Abstract
All cells are decorated with a highly dense and complex structure of glycan chains, which are mostly attached to proteins and lipids. In this context, sialic acids are a family of nine-carbon acidic monosaccharides typically found at the terminal position of glycan chains, modulating several physiological and pathological processes. Sialic acids have many structural and modulatory roles due to their negative charge and hydrophilicity. In addition, the recognition of sialic acid glycans by mammalian cell lectins, such as siglecs, has been described as an important immunological checkpoint.
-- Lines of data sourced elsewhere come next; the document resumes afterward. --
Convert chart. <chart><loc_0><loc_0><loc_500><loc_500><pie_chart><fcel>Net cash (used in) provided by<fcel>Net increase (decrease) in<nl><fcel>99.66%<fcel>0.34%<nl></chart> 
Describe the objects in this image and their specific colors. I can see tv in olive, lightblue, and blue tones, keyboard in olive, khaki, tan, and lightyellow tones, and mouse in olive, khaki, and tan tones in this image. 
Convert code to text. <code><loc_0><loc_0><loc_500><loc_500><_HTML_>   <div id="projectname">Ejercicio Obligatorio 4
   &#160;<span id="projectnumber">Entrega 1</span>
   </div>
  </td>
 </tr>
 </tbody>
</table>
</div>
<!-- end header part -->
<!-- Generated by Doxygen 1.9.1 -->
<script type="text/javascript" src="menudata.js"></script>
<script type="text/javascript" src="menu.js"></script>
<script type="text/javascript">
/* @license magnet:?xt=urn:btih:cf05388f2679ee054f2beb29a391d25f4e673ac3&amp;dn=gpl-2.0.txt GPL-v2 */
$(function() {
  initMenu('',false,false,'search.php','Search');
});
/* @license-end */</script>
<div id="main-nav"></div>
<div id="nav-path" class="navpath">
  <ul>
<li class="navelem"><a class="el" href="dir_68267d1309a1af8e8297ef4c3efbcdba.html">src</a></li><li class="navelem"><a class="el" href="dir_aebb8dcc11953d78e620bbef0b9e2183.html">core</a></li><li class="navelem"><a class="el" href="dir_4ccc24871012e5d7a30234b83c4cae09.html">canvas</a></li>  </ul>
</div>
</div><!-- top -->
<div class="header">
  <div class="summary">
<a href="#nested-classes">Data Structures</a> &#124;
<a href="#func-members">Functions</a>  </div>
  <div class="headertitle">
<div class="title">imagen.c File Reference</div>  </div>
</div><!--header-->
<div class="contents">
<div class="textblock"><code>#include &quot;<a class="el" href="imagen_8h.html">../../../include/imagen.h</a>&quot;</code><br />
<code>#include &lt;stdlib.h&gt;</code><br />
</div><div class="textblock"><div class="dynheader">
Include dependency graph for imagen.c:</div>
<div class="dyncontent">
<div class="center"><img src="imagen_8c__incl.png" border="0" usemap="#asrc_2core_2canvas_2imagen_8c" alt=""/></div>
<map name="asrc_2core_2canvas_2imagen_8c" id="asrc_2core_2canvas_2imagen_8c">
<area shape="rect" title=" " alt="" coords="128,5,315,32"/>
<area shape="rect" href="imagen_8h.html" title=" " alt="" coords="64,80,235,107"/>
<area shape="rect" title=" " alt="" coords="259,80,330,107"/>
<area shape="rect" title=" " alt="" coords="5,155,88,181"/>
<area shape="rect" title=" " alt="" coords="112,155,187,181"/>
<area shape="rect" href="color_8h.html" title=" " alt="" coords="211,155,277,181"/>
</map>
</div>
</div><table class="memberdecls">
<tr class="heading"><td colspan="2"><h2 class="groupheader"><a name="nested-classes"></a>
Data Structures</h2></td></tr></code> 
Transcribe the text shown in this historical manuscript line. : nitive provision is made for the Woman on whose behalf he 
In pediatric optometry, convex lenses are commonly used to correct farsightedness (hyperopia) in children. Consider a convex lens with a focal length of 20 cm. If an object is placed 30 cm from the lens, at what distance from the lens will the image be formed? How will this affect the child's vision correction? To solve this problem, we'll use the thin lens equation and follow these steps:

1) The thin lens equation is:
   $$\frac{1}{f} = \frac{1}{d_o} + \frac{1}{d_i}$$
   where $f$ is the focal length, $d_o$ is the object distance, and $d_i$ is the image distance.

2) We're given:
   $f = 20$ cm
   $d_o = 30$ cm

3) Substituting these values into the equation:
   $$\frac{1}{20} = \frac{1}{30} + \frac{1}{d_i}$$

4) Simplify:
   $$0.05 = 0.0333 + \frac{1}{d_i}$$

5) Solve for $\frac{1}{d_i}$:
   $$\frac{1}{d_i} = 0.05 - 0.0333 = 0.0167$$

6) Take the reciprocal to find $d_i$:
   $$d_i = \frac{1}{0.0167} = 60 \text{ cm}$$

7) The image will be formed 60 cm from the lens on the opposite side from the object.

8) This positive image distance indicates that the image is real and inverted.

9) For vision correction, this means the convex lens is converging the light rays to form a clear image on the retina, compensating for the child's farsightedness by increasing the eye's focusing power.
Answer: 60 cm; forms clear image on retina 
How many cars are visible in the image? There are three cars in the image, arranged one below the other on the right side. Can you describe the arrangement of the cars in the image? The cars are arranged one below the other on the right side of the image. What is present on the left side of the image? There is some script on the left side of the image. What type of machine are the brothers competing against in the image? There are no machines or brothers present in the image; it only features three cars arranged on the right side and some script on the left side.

Furthermore, sialic acid glycans also play a pivotal role in host–pathogen interactions. Various pathogen receptors exposed on the surface of viruses and bacteria are responsible for the binding to sialic acid sugars located on the surface of host cells, becoming a critical point of contact in the infection process. Understanding the molecular mechanism of sialic acid glycans recognition by sialic acid-binding proteins, present on the surface of pathogens or human cells, is essential to realize the biological mechanism of these events and paves the way for the rational development of strategies to modulate sialic acid-protein interactions in diseases. In this perspective, nuclear magnetic resonance (NMR) spectroscopy, assisted with molecular modeling protocols, is a versatile and powerful technique to investigate the structural and dynamic aspects of glycoconjugates and their interactions in solution at the atomic level. NMR provides the corresponding ligand and protein epitopes, essential for designing and developing potential glycan-based therapies. In this review, we critically discuss the current state of knowledge about the structural features behind the molecular recognition of sialic acid glycans by different receptors, naturally present on human cells or pathogens, disclosed by NMR spectroscopy and molecular modeling protocols.
Highlights
Sialic acids are nine-carbon monosaccharides constituted by a carboxylate group (C1) attached to a quaternary anomeric carbon (C2), a deoxygenated C3, an exocyclic 3-carbon glycerol side chain at C6, and different substituents at C5 (Figure 1A) (Schnaar et al, 2014; Varki et al, 2015)
The specificity of these molecular recognition events is modulated by the conformation of the sialoglycan, which strongly influences the presentation of the Neu5Ac residue to the receptor, and by additional interactions established by other sugar residues and functional groups present in the sialoglycan and in the receptor (Veluraja et al, 2010)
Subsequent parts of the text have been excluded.